■ Assignment:
Once the pictures are set aside, print the records that follow exactly as written.

■ The records:

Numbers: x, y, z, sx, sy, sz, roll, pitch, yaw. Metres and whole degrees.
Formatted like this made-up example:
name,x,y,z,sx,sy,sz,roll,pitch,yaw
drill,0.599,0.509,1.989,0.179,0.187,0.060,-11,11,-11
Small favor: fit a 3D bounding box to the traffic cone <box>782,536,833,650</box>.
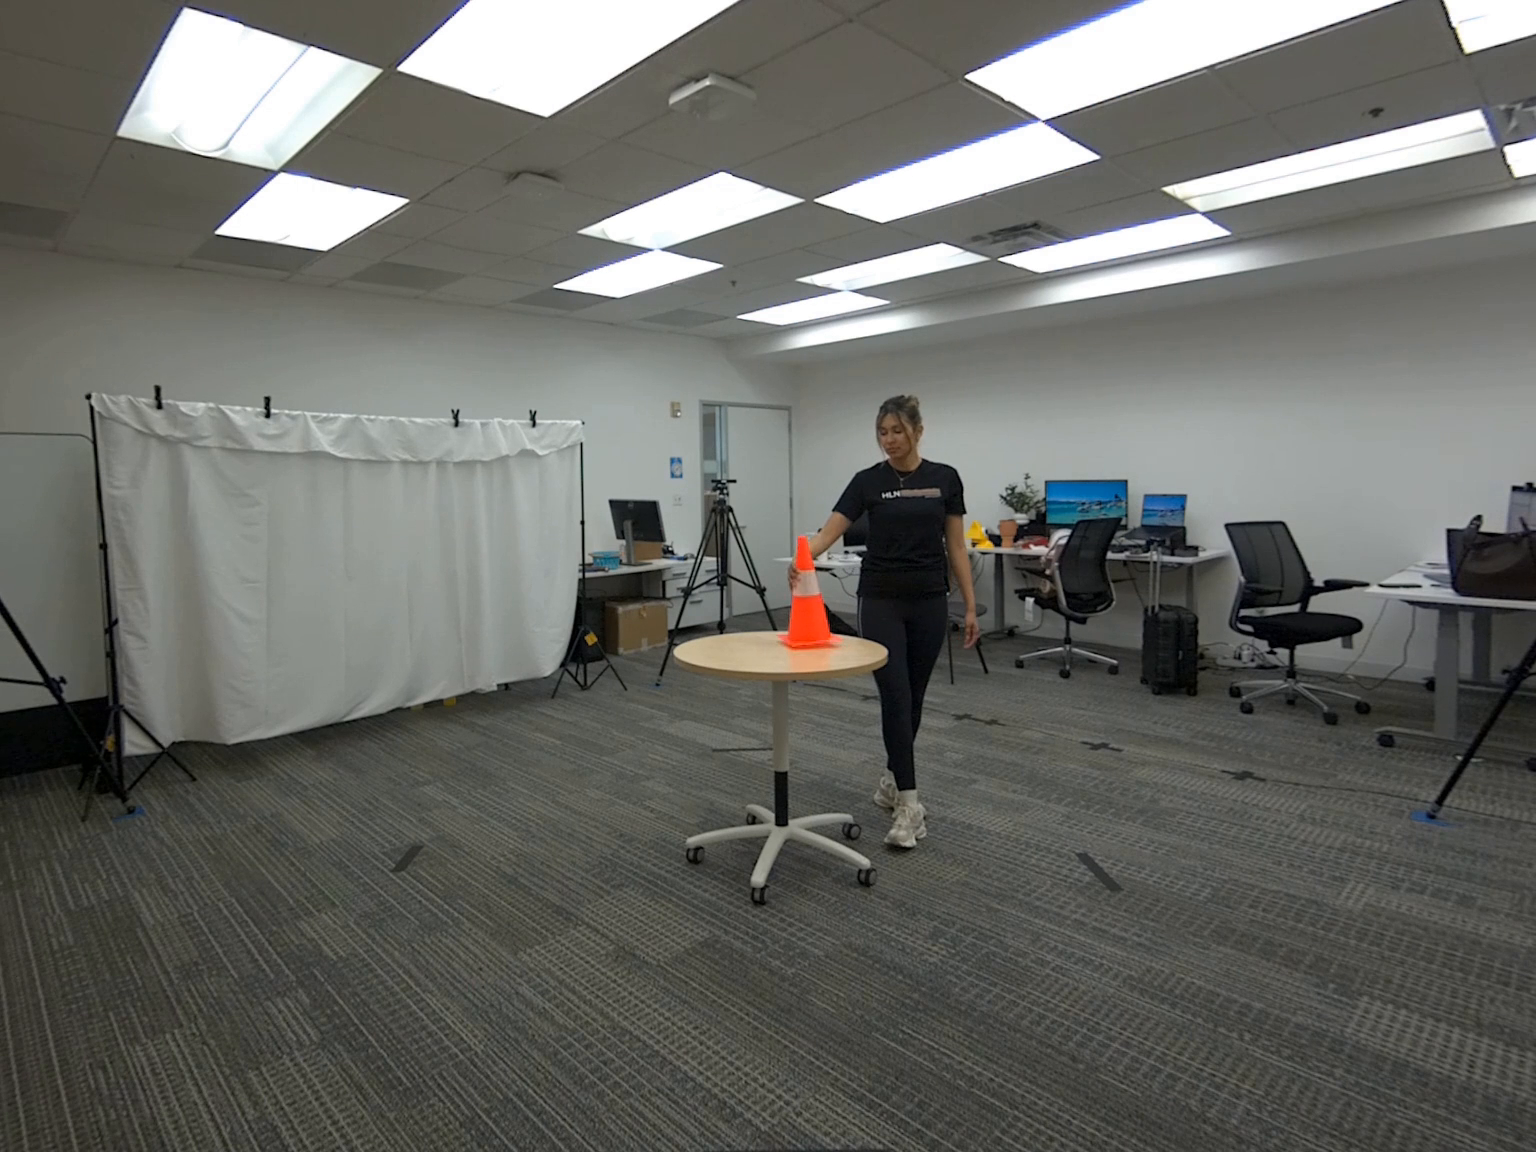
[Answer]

■ Answer for this exercise:
Numbers: x, y, z, sx, sy, sz, roll, pitch, yaw. Metres and whole degrees.
Formatted like this made-up example:
name,x,y,z,sx,sy,sz,roll,pitch,yaw
drill,0.599,0.509,1.989,0.179,0.187,0.060,-11,11,-11
Small favor: fit a 3D bounding box to the traffic cone <box>782,536,833,650</box>.
[Answer]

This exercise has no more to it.